You can easily construct scenarios where a page of memory used for one thing at the time of a snapshot is used for something else entirely at the time of identification (inside MDCompareSnapshot). The simplest example is a DLL in place during Snapshot1 that unloads, then another DLL loads in its place at the time of Snapshot2. The block identification code is likely to identify Snapshot1 pages as belonging to the wrong DLL. Alternatively, pages may go away entirely between snapshots. In this case, the identification code fails completely and reports <unknown>.

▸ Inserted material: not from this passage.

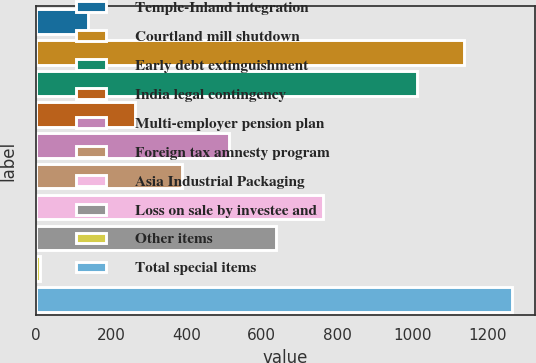Convert chart to OTSL. <chart><loc_0><loc_0><loc_500><loc_500><bar_chart><fcel>Temple-Inland integration<fcel>Courtland mill shutdown<fcel>Early debt extinguishment<fcel>India legal contingency<fcel>Multi-employer pension plan<fcel>Foreign tax amnesty program<fcel>Asia Industrial Packaging<fcel>Loss on sale by investee and<fcel>Other items<fcel>Total special items<nl><fcel>137.2<fcel>1138.8<fcel>1013.6<fcel>262.4<fcel>512.8<fcel>387.6<fcel>763.2<fcel>638<fcel>12<fcel>1264<nl></chart> 
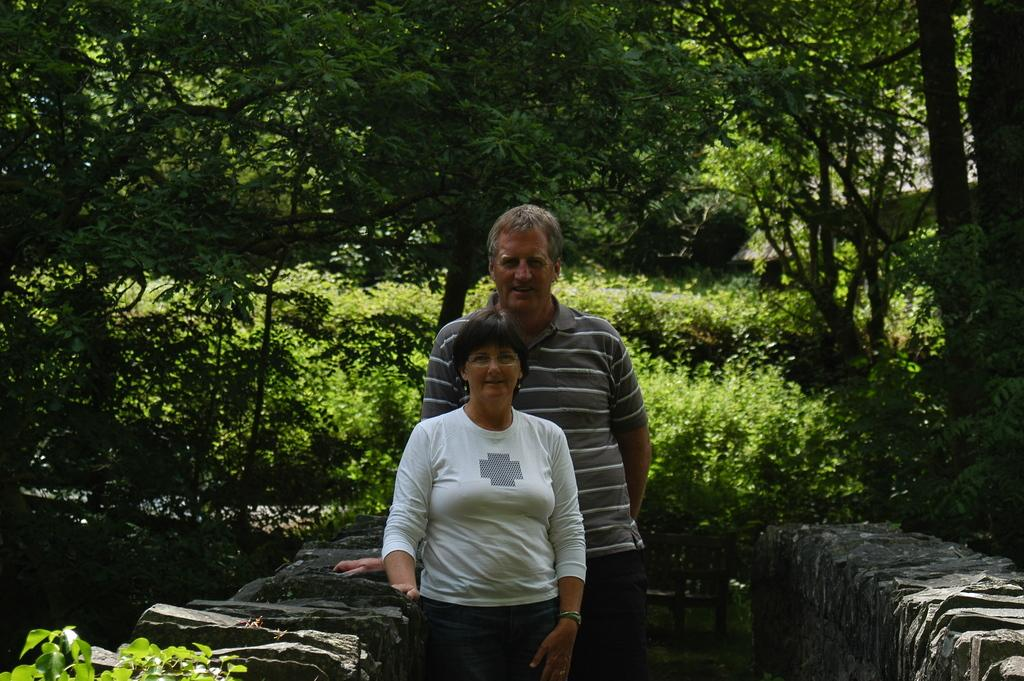How many people are in the image? There are two persons standing in the middle of the image. What are the people doing in the image? The persons are smiling. What can be seen in the background of the image? There is a wall, trees, and plants in the background of the image. What type of star can be seen shining brightly in the image? There is no star visible in the image; it features two persons standing and smiling in front of a background with a wall, trees, and plants. How many ears of corn are visible in the image? There is no corn present in the image.

A final note on strange results from MemDiff. You may occasionally see pages with addresses above 2GB. Usually these addresses are something like 0xC017F000. These are pages that Windows NT is using for storing the process memory map. If the process memory space grows enough, the kernel-mode code that manages the process memory space needs to allocate another page of memory to hold page table entries. Note that the discussion here assumes a "normal" Windows NT-based system with a maximum user-mode address of 2GB. It's possible to boot Windows NT in the /3GB mode where specially marked processes can use addresses up to 0xC0000000.

Some Final Words
The MemDiff library has the potential to help in many circumstances. However, the code is still pretty rough. Given the restrictions of time and space, I leaned toward simplicity. I'd expect MemDiff to be tweaked and modified by others to better report on their specific scenarios.
Among ideas for improvement, you could identify and tag memory pages at the time of a snapshot, look for and include compiler runtime heaps, and identify thread stack memory. (Remember, there might be multiple threads in the process.) If your code VirtualAllocs memory and has identifiable patterns to the data, its easy enough to add code to look for your specific data.
Finally, a big thank you to Osiris Pedroso at Autodesk for helping me test MemDiff. Aside from just making suggestions, Osiris ran MemDiff on AutoCad itself. The output files he sent back made me knuckle down to come up with better algorithms than I originally wrote. MemDiff is significantly better for his help.
From the November 1999 issue of Microsoft Systems Journal.